Many times during the day you will hear Anderson asking the rehearsing staff: “Why can’t it be better?” and demanding of the photographer John Haines, who is taking the photographs for the official press release, if he is satisfied with the lighting. And if the photographs are okay, how okay is that? Anderson demands precision, concision, honesty, loyalty, total commitment. If you don’t possess these, then don’t go near him. Garrulousness is not tolerated; once a conversation has been milked of its essence, Anderson will cut it short, turning his attention to something else. That is not to say he is not capable of carrying on two or three conversations at once.
If you are clumsy or nervous, Anderson’s attitude will exacerbate your condition. Hugh Thomas is nervous: there is a little dance when they are talking a few feet away from each other – when Thomas speaks he moves quickly, a couple of steps forward; when he stops, he jumps back. There is not, however, any bowing. When he questions you there can be no dishonesty. He will shoot a question at you without warning, demanding an answer which will satisfy him. When Thomas told Anderson I had seen the actor’s performance in Diary of a Madman at the Close Theatre in Glasgow), the director asked if I like it. I said I thought it was good. What did that mean, Anderson demanded. Okay? No, I said, I enjoyed it. Good, was it? Quite good, yes.
Later he demanded to know of me who Rosa Luxemborg was (there is a reference to her in the Storey play). Can you say, yes, I know, and hope that you will not be pursued? Or do you say no, realising that he brooks no lie. And even though he is mildly contemptuous that as a student I am unaware of this personality, he is willing to explain to me her importance. (She was a socialist revolutionary and economist).

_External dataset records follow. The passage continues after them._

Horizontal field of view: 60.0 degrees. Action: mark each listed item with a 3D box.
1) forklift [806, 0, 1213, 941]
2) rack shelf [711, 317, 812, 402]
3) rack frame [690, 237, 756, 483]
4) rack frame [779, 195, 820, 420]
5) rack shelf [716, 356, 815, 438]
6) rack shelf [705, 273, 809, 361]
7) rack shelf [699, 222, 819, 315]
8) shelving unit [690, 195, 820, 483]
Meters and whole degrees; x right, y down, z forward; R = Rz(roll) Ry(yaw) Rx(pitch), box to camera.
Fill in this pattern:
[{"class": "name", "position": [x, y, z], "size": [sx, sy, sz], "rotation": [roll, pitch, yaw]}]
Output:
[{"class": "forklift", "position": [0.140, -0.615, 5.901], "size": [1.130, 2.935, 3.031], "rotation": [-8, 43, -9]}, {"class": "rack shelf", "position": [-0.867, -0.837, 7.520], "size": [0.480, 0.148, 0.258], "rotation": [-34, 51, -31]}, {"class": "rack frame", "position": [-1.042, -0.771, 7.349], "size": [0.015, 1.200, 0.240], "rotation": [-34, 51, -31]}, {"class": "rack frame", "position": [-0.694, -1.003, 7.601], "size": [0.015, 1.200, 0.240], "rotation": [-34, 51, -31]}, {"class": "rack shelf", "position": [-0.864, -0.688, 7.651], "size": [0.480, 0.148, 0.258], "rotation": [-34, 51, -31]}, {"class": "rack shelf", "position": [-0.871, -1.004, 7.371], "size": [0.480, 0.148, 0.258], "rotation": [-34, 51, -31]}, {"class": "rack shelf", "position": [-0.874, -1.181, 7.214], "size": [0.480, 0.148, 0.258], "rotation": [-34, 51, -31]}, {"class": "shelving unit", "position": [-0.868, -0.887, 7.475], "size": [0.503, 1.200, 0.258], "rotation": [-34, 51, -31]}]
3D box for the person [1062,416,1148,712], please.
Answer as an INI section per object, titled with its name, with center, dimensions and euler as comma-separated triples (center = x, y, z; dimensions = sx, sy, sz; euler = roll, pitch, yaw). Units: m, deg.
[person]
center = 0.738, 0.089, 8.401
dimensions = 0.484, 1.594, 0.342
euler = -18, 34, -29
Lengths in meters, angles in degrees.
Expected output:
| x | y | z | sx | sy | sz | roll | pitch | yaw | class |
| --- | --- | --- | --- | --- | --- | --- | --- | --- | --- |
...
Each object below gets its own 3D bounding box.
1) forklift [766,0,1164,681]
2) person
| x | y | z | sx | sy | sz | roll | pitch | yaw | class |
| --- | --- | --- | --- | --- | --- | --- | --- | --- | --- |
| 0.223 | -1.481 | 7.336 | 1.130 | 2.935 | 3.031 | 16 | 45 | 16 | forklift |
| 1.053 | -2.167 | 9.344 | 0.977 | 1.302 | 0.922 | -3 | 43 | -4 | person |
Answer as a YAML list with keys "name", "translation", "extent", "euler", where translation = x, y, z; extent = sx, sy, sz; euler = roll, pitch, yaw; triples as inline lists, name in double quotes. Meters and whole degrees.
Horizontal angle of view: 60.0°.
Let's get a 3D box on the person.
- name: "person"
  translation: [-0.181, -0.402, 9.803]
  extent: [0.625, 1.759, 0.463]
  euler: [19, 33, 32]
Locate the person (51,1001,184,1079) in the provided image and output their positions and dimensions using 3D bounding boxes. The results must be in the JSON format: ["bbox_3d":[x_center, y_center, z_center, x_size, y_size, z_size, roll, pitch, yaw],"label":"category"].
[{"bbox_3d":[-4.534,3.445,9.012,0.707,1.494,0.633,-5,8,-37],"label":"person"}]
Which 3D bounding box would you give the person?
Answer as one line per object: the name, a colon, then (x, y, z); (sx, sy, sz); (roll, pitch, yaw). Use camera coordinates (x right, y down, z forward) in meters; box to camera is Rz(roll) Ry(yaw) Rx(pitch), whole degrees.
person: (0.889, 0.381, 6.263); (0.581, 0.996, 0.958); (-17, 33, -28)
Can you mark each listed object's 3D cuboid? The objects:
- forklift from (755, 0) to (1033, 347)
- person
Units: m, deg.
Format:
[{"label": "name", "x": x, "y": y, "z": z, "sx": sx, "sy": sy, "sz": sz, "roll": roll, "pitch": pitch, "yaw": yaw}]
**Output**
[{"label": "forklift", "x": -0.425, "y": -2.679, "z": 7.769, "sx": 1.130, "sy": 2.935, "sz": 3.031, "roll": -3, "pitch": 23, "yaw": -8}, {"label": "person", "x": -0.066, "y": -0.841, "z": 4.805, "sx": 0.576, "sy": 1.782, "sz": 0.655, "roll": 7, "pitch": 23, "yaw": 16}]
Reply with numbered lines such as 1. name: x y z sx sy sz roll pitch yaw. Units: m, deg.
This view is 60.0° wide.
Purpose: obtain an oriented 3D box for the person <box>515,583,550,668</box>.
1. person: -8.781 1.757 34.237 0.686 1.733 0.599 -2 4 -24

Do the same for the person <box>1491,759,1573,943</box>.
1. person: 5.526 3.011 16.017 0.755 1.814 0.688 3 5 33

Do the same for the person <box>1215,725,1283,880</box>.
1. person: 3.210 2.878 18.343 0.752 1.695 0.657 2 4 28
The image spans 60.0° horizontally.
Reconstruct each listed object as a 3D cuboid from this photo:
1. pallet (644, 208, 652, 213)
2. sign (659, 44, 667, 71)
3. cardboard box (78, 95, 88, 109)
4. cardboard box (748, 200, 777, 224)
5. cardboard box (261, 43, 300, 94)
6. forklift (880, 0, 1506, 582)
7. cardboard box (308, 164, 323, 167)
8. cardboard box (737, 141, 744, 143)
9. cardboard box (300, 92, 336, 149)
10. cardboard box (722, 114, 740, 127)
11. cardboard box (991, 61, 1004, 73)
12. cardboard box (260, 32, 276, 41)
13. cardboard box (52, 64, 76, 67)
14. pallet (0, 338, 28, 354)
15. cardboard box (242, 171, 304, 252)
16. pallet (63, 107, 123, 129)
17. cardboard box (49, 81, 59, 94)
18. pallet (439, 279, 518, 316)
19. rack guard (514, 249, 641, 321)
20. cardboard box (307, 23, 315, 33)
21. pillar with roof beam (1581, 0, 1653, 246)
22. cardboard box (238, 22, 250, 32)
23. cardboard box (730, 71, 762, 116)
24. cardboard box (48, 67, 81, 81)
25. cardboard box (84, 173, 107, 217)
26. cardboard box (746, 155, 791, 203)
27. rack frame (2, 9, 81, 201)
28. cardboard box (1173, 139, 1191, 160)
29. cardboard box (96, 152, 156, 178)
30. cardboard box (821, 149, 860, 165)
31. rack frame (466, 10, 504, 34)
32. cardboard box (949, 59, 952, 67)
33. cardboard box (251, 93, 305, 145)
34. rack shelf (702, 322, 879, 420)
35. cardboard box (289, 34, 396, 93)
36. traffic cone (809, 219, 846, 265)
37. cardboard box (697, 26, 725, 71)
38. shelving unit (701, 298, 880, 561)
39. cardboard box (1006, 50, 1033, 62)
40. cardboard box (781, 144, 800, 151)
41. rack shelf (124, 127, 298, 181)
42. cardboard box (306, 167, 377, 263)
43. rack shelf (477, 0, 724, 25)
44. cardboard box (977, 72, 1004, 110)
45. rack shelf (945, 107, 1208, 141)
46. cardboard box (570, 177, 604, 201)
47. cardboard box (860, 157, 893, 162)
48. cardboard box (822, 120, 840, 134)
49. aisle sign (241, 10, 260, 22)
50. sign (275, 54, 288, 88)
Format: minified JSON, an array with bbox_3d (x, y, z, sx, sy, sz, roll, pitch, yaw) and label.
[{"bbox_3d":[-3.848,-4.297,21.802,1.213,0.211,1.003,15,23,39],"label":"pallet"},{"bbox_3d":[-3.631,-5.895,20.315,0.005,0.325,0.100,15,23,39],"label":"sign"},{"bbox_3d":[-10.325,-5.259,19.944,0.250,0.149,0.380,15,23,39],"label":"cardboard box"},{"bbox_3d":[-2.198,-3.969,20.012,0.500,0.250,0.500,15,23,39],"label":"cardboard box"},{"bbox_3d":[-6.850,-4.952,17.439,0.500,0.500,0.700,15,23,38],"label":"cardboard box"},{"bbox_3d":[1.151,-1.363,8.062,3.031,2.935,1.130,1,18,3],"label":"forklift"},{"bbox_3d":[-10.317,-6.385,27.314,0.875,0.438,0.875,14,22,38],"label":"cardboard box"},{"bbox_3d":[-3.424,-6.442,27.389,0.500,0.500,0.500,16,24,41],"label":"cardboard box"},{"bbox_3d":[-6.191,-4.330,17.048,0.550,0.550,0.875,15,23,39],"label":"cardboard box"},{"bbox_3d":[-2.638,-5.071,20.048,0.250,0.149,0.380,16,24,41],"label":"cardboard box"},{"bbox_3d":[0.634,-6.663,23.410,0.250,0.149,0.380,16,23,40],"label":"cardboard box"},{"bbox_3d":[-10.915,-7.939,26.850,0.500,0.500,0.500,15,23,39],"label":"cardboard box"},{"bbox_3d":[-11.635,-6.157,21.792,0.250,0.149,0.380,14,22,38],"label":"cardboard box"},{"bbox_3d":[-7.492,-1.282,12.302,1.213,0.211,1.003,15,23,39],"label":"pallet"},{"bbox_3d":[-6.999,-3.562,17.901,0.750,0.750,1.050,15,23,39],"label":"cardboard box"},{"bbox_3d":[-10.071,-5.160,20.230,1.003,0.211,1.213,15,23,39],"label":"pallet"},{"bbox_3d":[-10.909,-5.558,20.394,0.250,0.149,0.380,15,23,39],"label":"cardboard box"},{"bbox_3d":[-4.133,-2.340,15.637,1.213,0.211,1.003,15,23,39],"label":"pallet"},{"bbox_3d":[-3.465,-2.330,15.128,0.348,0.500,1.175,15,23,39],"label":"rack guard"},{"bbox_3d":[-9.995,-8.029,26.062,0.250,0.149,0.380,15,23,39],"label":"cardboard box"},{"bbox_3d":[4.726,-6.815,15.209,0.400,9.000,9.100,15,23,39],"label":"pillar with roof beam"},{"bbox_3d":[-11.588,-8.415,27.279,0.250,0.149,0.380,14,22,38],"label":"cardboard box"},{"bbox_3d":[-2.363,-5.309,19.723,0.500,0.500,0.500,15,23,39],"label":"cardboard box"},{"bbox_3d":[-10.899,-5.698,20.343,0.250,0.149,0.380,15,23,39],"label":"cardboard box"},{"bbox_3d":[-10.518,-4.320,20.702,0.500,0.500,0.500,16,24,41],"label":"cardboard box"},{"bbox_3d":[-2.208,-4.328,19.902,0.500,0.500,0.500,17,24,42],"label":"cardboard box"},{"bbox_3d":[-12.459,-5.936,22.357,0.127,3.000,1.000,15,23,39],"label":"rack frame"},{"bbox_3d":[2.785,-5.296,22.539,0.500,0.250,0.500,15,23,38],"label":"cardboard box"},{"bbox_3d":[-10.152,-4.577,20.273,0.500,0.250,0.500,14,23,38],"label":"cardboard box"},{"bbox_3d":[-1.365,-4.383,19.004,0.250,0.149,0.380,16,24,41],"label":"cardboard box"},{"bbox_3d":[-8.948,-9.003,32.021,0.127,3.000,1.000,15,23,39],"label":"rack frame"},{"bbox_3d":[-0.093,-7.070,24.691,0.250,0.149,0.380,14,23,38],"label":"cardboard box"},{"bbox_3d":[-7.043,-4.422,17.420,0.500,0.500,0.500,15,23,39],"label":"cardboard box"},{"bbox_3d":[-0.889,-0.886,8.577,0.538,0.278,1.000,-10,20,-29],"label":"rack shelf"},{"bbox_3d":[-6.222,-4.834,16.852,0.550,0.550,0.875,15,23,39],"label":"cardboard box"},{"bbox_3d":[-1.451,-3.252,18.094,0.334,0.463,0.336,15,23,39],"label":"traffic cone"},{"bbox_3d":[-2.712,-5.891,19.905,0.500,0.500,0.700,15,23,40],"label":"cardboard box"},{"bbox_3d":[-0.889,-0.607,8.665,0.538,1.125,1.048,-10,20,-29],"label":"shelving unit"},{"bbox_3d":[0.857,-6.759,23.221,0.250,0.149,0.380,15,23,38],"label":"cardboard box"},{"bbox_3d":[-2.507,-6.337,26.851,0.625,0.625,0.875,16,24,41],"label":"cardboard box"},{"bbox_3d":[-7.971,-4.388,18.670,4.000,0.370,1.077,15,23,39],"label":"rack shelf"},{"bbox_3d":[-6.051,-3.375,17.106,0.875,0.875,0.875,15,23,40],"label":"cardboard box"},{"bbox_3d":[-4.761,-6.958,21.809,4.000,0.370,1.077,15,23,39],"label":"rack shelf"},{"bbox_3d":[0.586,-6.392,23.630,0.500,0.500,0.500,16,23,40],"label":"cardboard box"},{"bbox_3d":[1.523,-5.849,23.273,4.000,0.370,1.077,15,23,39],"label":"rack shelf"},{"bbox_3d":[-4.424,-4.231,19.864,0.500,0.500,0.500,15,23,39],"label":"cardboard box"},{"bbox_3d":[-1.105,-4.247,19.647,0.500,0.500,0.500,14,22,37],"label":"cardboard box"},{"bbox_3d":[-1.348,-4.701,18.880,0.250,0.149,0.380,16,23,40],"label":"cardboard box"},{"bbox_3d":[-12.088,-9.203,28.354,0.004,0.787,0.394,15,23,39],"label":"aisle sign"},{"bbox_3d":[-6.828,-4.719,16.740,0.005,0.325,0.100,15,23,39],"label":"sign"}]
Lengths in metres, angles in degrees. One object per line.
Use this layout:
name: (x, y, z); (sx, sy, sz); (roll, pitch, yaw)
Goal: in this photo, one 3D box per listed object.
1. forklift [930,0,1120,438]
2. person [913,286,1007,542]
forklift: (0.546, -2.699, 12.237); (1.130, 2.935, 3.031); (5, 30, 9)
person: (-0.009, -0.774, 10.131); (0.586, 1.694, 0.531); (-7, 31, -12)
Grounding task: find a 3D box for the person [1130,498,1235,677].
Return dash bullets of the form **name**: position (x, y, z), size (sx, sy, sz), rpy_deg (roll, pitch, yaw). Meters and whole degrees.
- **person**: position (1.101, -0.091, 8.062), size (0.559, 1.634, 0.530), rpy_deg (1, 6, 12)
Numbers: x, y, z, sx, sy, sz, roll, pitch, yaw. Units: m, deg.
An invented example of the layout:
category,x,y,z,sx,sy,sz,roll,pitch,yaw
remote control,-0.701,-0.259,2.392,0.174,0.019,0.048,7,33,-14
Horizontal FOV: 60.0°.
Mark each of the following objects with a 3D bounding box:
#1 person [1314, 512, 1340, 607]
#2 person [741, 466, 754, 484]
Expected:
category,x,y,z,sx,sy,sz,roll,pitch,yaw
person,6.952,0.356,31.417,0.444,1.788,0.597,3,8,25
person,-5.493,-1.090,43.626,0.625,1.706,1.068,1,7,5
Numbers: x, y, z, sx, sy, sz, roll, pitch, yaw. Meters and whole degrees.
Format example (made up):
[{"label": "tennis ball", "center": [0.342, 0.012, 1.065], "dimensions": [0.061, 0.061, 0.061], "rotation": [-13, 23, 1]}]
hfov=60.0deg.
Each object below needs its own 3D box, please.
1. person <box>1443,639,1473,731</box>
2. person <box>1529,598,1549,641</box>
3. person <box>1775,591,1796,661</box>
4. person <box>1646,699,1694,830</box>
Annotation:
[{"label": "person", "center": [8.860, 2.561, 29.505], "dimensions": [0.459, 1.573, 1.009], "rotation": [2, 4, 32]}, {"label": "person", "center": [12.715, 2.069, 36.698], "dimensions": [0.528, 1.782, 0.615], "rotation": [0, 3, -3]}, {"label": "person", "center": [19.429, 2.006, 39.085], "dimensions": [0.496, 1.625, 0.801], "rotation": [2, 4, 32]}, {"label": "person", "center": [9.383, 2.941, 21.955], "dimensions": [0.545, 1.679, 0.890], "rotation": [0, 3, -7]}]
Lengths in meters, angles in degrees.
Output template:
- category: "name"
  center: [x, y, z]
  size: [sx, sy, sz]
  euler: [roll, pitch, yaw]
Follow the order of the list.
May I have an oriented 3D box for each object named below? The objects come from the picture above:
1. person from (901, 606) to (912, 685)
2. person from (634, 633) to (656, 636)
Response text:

Anderson is a great general: he has lunch while working, refusing to let any minor details slip past him. If his army is not good, he will make it so. If it is good, he demands better. He chases after production staff to ensure all the cast get tea. The production is midway through its run so his work today is tightening up various aspects. The previous night had seen a couple of calamities. First was a delay in an actor changing costume. Anderson demanded to see the dresser but was informed that she was not present that afternoon because she was not paid to work until evening. Anderson berated the management. “If they wish to put on plays of the calibre with this cast, they have to pay for it. A change of costume is as important as anything else,” he said. At the previous night’s performance, the man whose task was to raise the theatre curtain had fallen asleep at his post. Anderson told me that had the curtain not been raised in time he would have gone on stage and apologised to the audience.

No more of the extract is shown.